Wut? How is Cyberpunk 2070 different from every other game that the gaming community likes to hype before release? It happens to a lot of games and it's even more prevelant among console exclusives where it seems like every second game is the second coming of christ before release.
 

SRTtoZ

Member
I'm all for this game and backed it a longgg time ago for $140 but I'm pretty certain they need to keep the money coming in because of how much they push the ship sales every single event. I figured at this point the ship sales would take a backseat to everything else but gotta keep the development going.
 
You guys do know that they don't actually have 141 million dollars all at once right? that's accumulated gross over 3 to 4 years. Then you deduct whatever they've spent to hire devs, equipment, server cost, new offices, furniture, salaries.
 

K.Jack

Knowledge is power, guard it well
I'm all for this game and backed it a longgg time ago for $140 but I'm pretty certain they need to keep the money coming in because of how much they push the ship sales every single event. I figured at this point the ship sales would take a backseat to everything else but gotta keep the development going.

CIG knows that a sizable portion of the base will buy everything that goes up for sale. Those expensive fucking $50+ missiles are proof of that.

At this point, it'd be dumb to stop selling shit, even if they're set on money. The rabid whales of the SC fanbase have lost the plot.
 

Grief.exe

Member
I get the impression that they are certainly attempting to live up to that budget. In many respects, this is shaping up to be a AAA(A) release between the voice actors, animations, visuals, connectivity, it's a truly impressive undertaking.

The problem lies in trying to piece together all of these individual parts into a cohesive game.
 

Adree

Member
CIG knows that a sizable portion of the base will buy everything that goes up for sale. Those expensive fucking $50+ missiles are proof of that.

At this point, it'd be dumb to stop selling shit, even if they're set on money. The rabid whales of the SC fanbase have lost the plot.

They poke the whales too much they might want a massive refund though.
 
Wut? How is Cyberpunk 2070 different from every other game that the gaming community likes to hype before release? It happens to a lot of games and it's even more prevelant among console exclusives where it seems like every second game is the second coming of christ before release.

Cyberpunk is being made by a developer with a proven track record.

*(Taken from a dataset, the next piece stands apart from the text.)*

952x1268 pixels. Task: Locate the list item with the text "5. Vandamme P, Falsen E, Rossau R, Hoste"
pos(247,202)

It could still turn out to be shit but I wouldn't be too worried about it just yet.
 
You guys do know that they don't actually have 141 million dollars all at once right? that's accumulated gross over 3 to 4 years. Then you deduct whatever they've spent to hire devs, equipment, server cost, new offices, furniture, salaries.

Who said they had 141 million dollars at once? Also, why would you deduct that stuff? That's all factored into development cost, and the vast majority of that 141 million will be used for development. If not all of it plus more.
 

Trickster

Member
This must be sarcasm. Please.

We obviously can't speak to how the game will be once it's finished (or the money dries up eventually). But right now the game doesn't look great.

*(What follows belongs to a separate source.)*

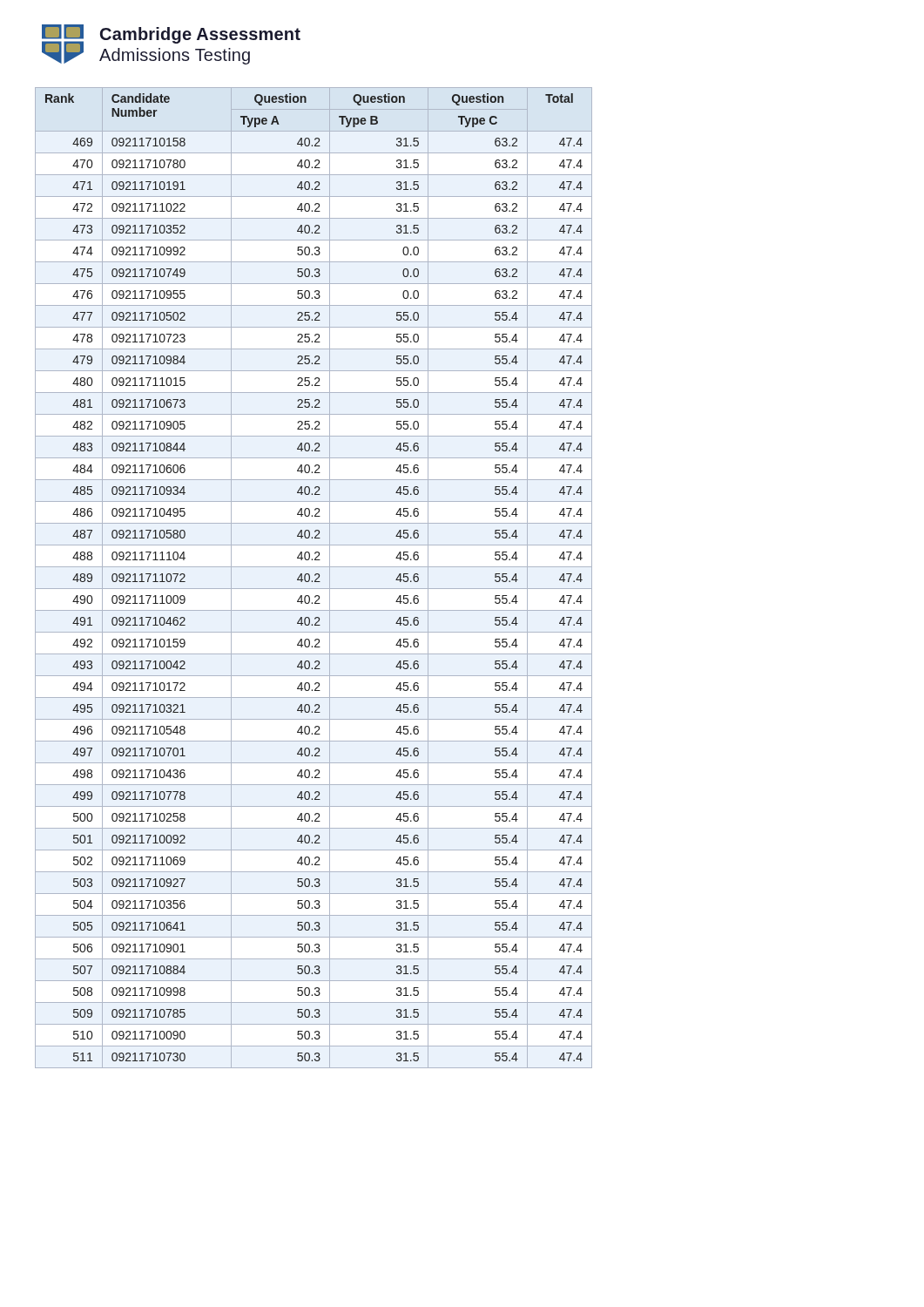Locate the table with the text "Candidate Number"
Viewport: 924px width, 1307px height.
pos(314,578)

Yes they show some things in development that you can see would be awesome if done correctly. But even those presentation are often riddled with bugs because they keep showing things that are still nowhere near completion.

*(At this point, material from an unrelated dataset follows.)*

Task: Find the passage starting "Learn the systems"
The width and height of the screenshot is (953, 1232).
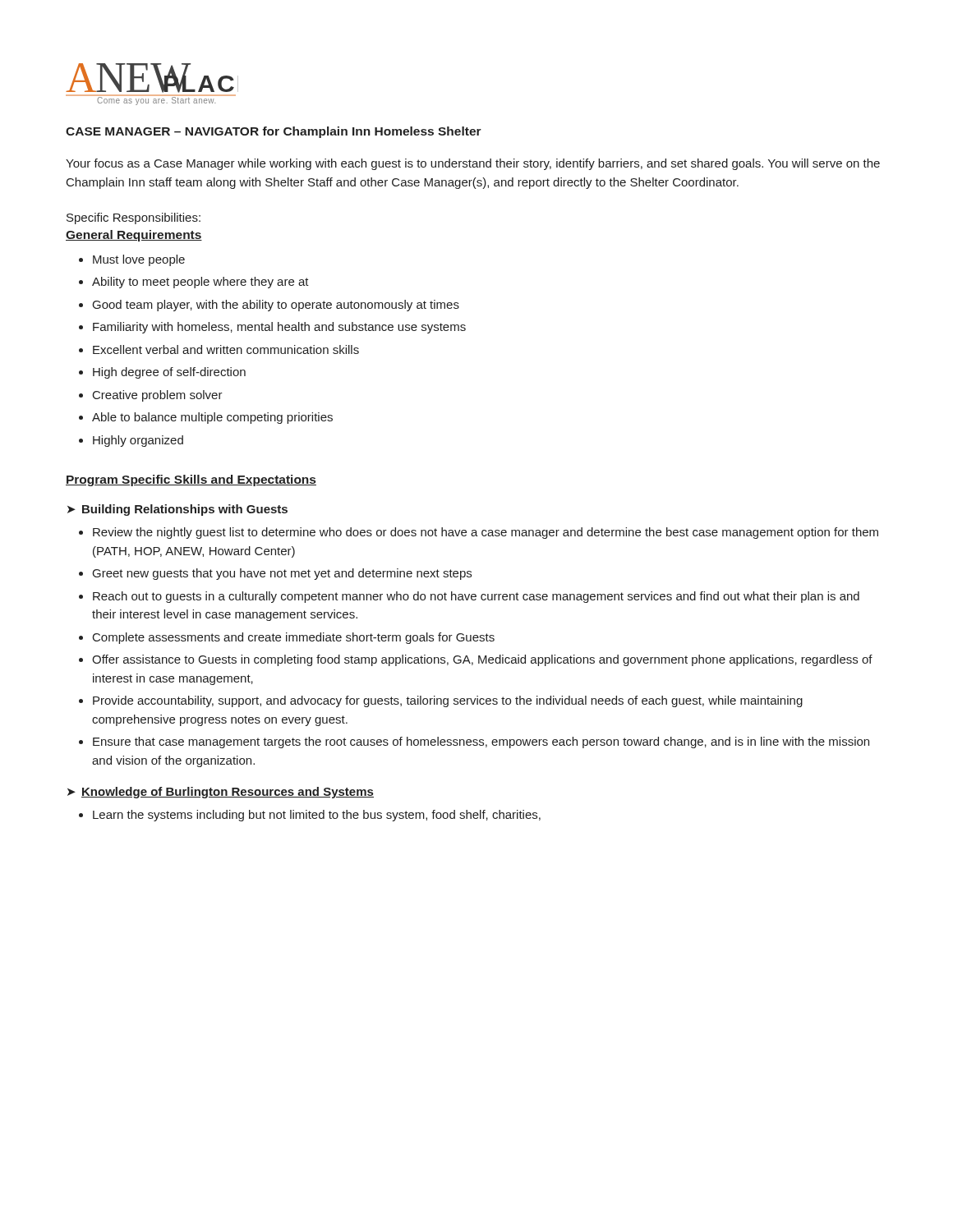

I think most people agree that on paper, Star Citizen sounds like one of the best games ever. So far however, the execution doesn't really come close to matching the vision.
 

KKRT00

Member
We obviously can't speak to how the game will be once it's finished (or the money dries up eventually). But right now the game doesn't look great.
But its already fun ...
https://www.youtube.com/watch?v=pV-gHdBRZa4

----
This isn't R&D, this is Project Management. As someone who manages large, complex projects for a living the response you just gave would never fly in any of our meetings. The very core of successfully managing projects is determining who does what by when. By removing the "when", they've essentially given up any semblance of respectable PMing.
Yeah, completely disagree. I also work on a complex project.
We have a scheduled released of version 2.1 for end of march, the planning included features that will never make to this version, version will be delayed probably till end of April and we will be doing a lot of new functionalities that we did not plan.
It is because we have fucked up project management? No, its because had sick leaves, additional support and additional client requests that had to be done ASAP that we could not predict.

Do You really think that CIG would not preferred to have something more predictable?
How can you even estimate schedule of something like Alpha 3.0 properly when the core tech is still being done and this core tech was never done before. What if the functionality you thought would take 2 months, took 4 months due and because this was a prerequisite to some other tech, it it delayed everything by 2 months or more.
What if after implementing something you clearly see it does not work and need to rework it and other system depends on it?
What if you did not know that you need to do some additional tech, because you know, no one have done something like that before and you dont point of reference?


----
Nope , from people who have been playing the alpha, stating thats it nothing new or special, and basically been done before.

Of course they have room to expand as it just an alpha but theres nothing 'amazing' here.

Where?! Give me title, i want to play that game.
 

joecanada

Member
I disagree with those saying it'll either be amazing or a massive failure. We saw with kingdoms of amalur that the studio can release a solid game while working on another bigger project that becomes a massive failure.

It's possible they release it and it's say a solid 7/10 but doesn't have everything completed and then they get mired in bugs and updates and it sits at a 7/10 forever.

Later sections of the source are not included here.